Scrive ancora Martini: «Ed è soprattutto ai deboli che va il nostro pensiero. È inutile illudersi: la storia insegna che quasi mai è stato il pane ad andare verso i poveri, ma i poveri ad andare dove c’è il pane. “Scegliersi l’ospite è un avvilire l’ospitalità” diceva Ambrogio (Exp. Luc., VI,66). Ma ciò non significa un’accettazione passiva, subìta e dissennata, né l’accoglimento solo di quell’ospite che sia simile a noi: il magnanimo ospitante non teme il diverso, perché è forte della propria identità.

Il vero problema è che le nostre città, al di là delle accelerazioni indotte da fatti contingenti, non sono più sicure della propria identità e del proprio ruolo umanizzatore, e scambiano questa loro insicurezza di fondo con una insicurezza di importazione. E invece il tarlo è già in esse ed è qui che lo si deve combattere con lucidità, vedendo la città come opportunità e non solo come difficoltà. La città va scelta e costruita con intelligenza e con magnanimità…

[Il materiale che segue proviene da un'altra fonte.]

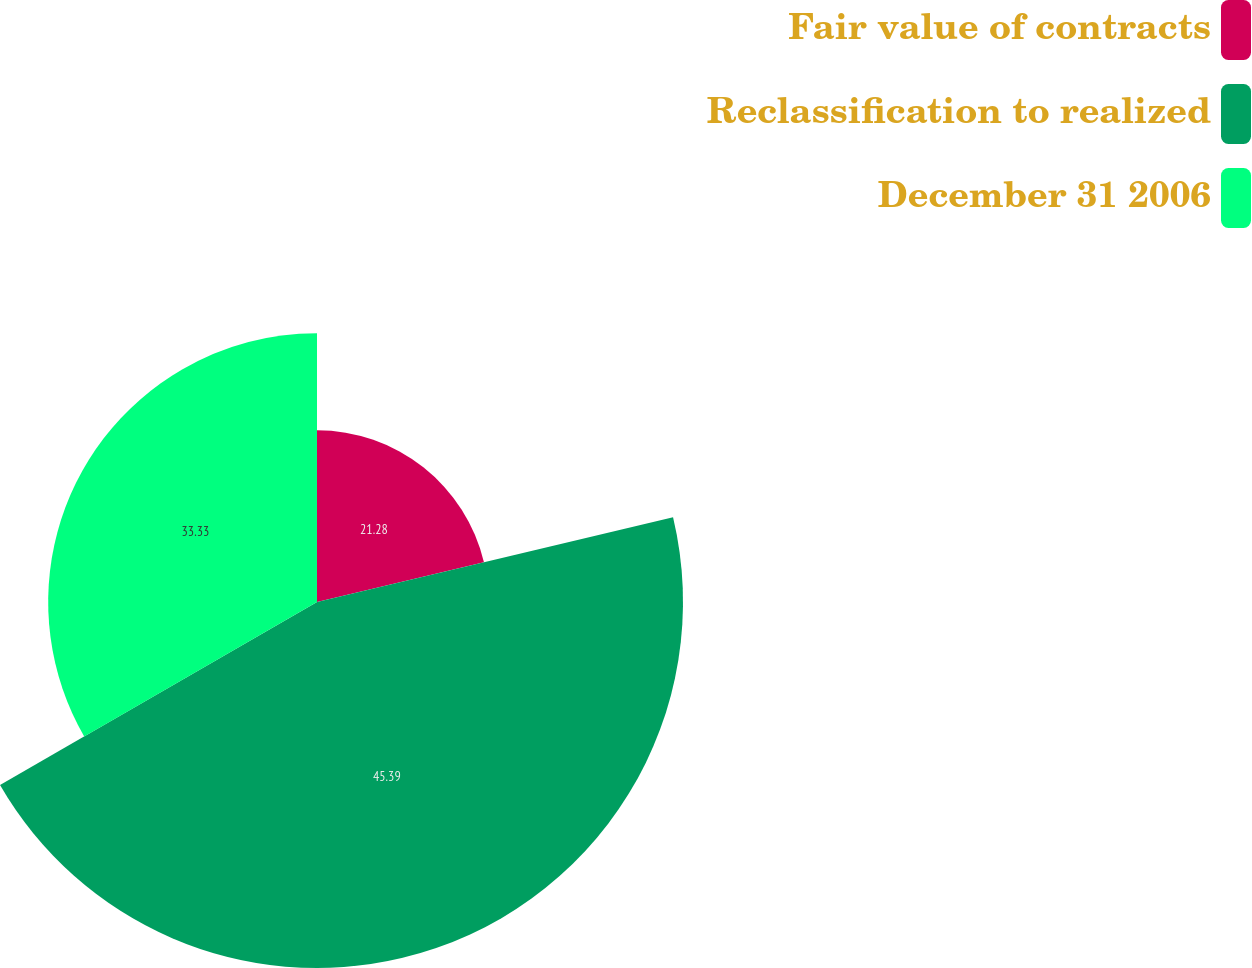Convert chart. <chart><loc_0><loc_0><loc_500><loc_500><pie_chart><fcel>Fair value of contracts<fcel>Reclassification to realized<fcel>December 31 2006<nl><fcel>21.28%<fcel>45.38%<fcel>33.33%<nl></chart> 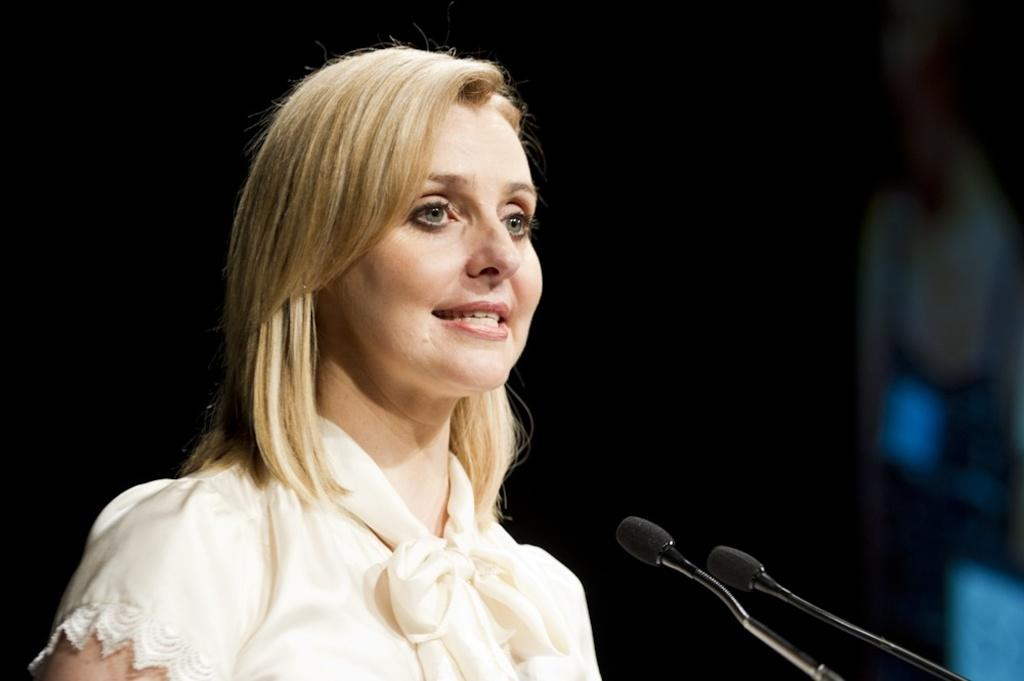Who is the main subject in the image? There is a woman in the image. Where is the woman positioned in the image? The woman is standing on the left side. What is the woman wearing in the image? The woman is wearing a white dress. What object can be seen at the bottom right side of the image? There is a microphone (Mic) at the bottom right side of the image. How many ladybugs are crawling on the woman's dress in the image? There are no ladybugs present on the woman's dress in the image. Is there any smoke visible in the image? There is no smoke visible in the image. 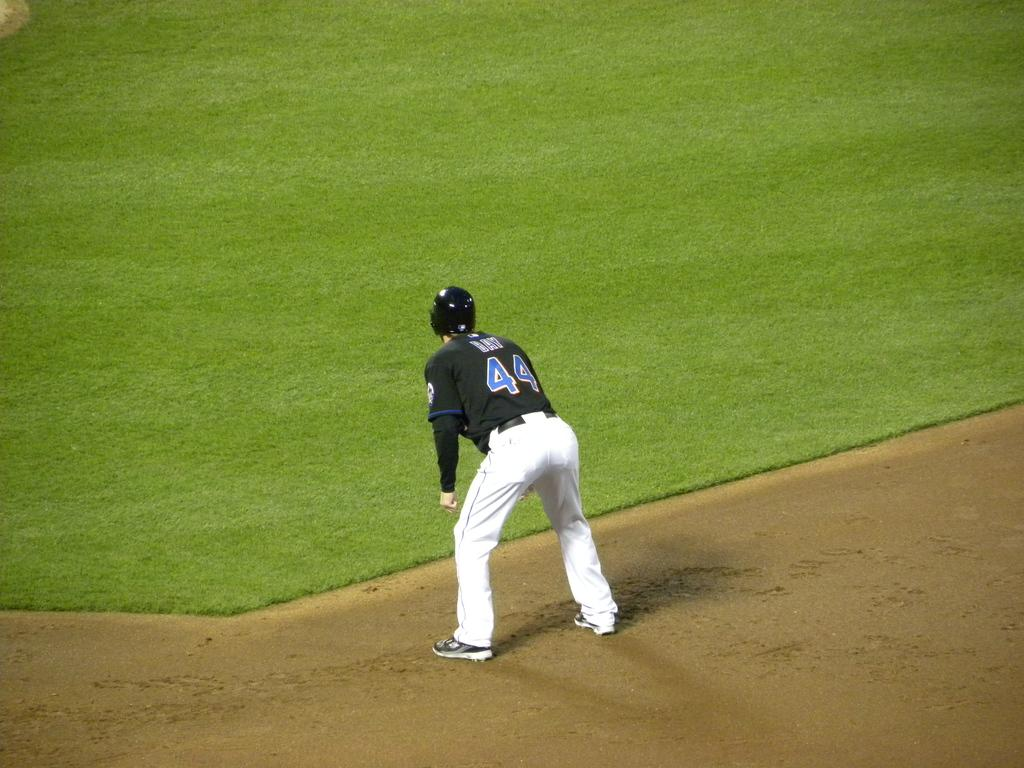<image>
Offer a succinct explanation of the picture presented. a player with the number 44 on their jersey 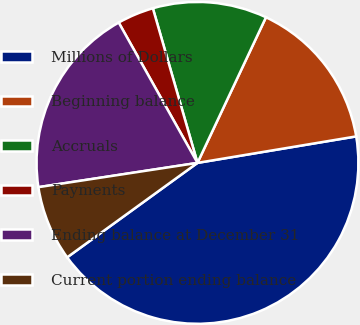<chart> <loc_0><loc_0><loc_500><loc_500><pie_chart><fcel>Millions of Dollars<fcel>Beginning balance<fcel>Accruals<fcel>Payments<fcel>Ending balance at December 31<fcel>Current portion ending balance<nl><fcel>42.65%<fcel>15.37%<fcel>11.47%<fcel>3.67%<fcel>19.27%<fcel>7.57%<nl></chart> 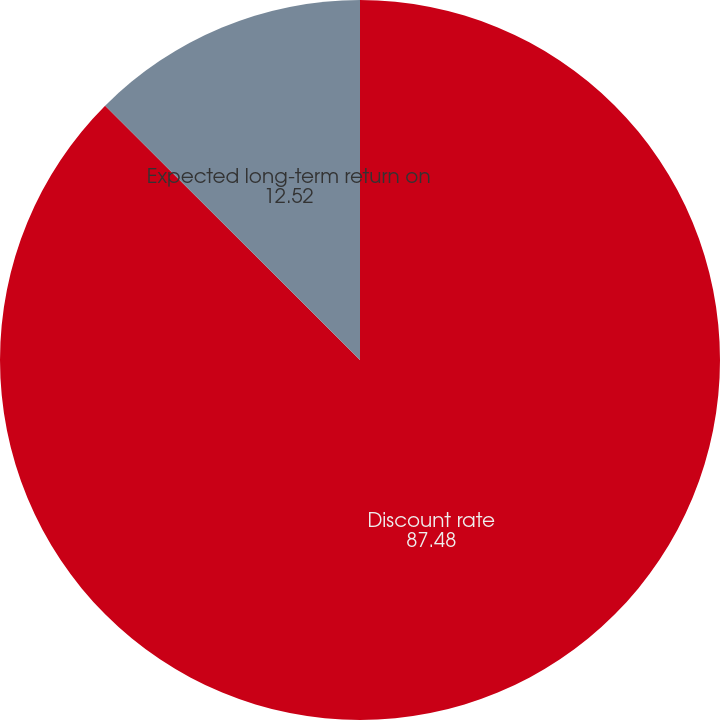Convert chart to OTSL. <chart><loc_0><loc_0><loc_500><loc_500><pie_chart><fcel>Discount rate<fcel>Expected long-term return on<nl><fcel>87.48%<fcel>12.52%<nl></chart> 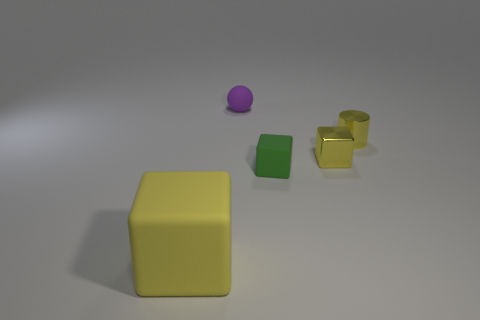Is there any other thing that is the same size as the yellow rubber object?
Ensure brevity in your answer.  No. The matte object that is the same color as the tiny metallic cube is what size?
Ensure brevity in your answer.  Large. There is a yellow metallic cube; how many tiny metallic blocks are behind it?
Provide a short and direct response. 0. What is the size of the yellow rubber object that is in front of the thing behind the tiny metallic cylinder?
Offer a very short reply. Large. There is a yellow metallic object that is in front of the yellow cylinder; is it the same shape as the small yellow object behind the tiny yellow block?
Provide a short and direct response. No. There is a tiny matte object that is left of the matte block behind the large matte thing; what is its shape?
Your answer should be very brief. Sphere. What is the size of the object that is on the left side of the tiny green block and in front of the small sphere?
Offer a terse response. Large. There is a large thing; is its shape the same as the matte object on the right side of the purple rubber thing?
Provide a succinct answer. Yes. There is another rubber thing that is the same shape as the small green rubber object; what size is it?
Offer a very short reply. Large. There is a metal cylinder; is it the same color as the small shiny object in front of the tiny yellow metallic cylinder?
Provide a short and direct response. Yes. 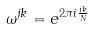Convert formula to latex. <formula><loc_0><loc_0><loc_500><loc_500>\omega ^ { j k } = e ^ { 2 \pi i \frac { j k } { N } }</formula> 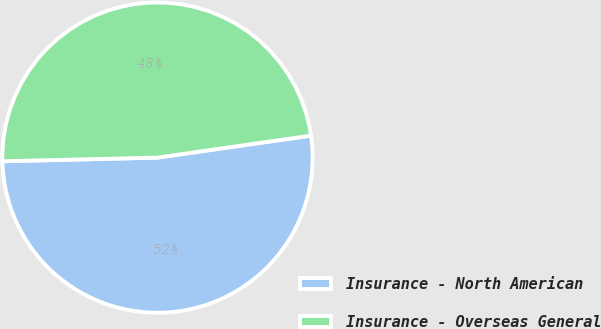Convert chart. <chart><loc_0><loc_0><loc_500><loc_500><pie_chart><fcel>Insurance - North American<fcel>Insurance - Overseas General<nl><fcel>51.89%<fcel>48.11%<nl></chart>

Parrebbe a volte che la città – in particolare nei suoi membri più potenti – abbia paura dei più deboli e che la politica urbana tenda a ricercare la tranquillità mediante la tutela della potenza. Non è la lezione di Ambrogio, per il quale la politica è eminentemente a servizio dei più deboli. Questo non è un invito vagamente moralistico, ma ha efficacia politica.

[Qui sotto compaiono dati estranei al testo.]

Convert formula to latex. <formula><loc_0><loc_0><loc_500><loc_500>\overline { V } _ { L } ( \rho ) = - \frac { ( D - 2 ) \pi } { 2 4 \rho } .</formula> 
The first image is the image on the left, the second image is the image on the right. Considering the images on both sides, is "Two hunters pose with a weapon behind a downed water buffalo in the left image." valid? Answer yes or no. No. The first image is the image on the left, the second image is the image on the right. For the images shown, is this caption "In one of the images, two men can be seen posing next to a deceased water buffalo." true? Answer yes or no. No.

La paura urbana si può vincere con un soprassalto di partecipazione cordiale, non di chiusure paurose; con un ritorno ad occupare attivamente il proprio territorio e ad occuparsi di esso; con un controllo sociale più serrato sugli spazi territoriali e ideali, non con la fuga e la recriminazione. Chi si isola è destinato a fuggire all’infinito, perché troverà sempre un qualche disturbo che gli fa eludere il problema della relazione: dice Ambrogio: “comune è il dovere di intrattenere relazioni” (Exameron, V, ser. VIII, 21,66)».

Dio delle città

«Uomini soli» è una canzone dei Pooh del 1990. Narra storie di solitudine e di emarginazione in un contesto sociale sempre più individualista, dove è difficile comunicare e agire per un cambiamento, un’integrazione segnata dall’amore. Così Dio è invocato come Dio delle città e dell’immensità, non solo di lassù, ma di quaggiù; tessitore di umanità nell’umanità del Figlio venuto a riannodare i fili perduti. E tutto ciò per dire che l’uomo non è solo, abbandonato fino in fondo.

Dio delle città e dell’immensità
se è vero che ci sei e hai viaggiato più di noi
vediamo se si può imparare questa vita
e magari un po’ cambiarla
prima che ci cambi lei.
vediamo se si può
farci amare come siamo
senza violentarci più
con nevrosi e gelosie

Ma Dio delle città e dell’immensità
magari tu ci sei e problemi non ne hai
ma quaggiù non siamo in cielo
e se un uomo perde il filo
è soltanto un uomo solo.

Il povero nella città (G. Ungaretti)

Anche il poeta volge lo sguardo al povero per dire di sé, della precarietà del vivere e di quel patire che genera solidarietà. Il poeta è un povero della parola, che tuttavia sa cogliere con le parole i legami ermetici, impenetrabili, nascosti nelle cose e negli eventi.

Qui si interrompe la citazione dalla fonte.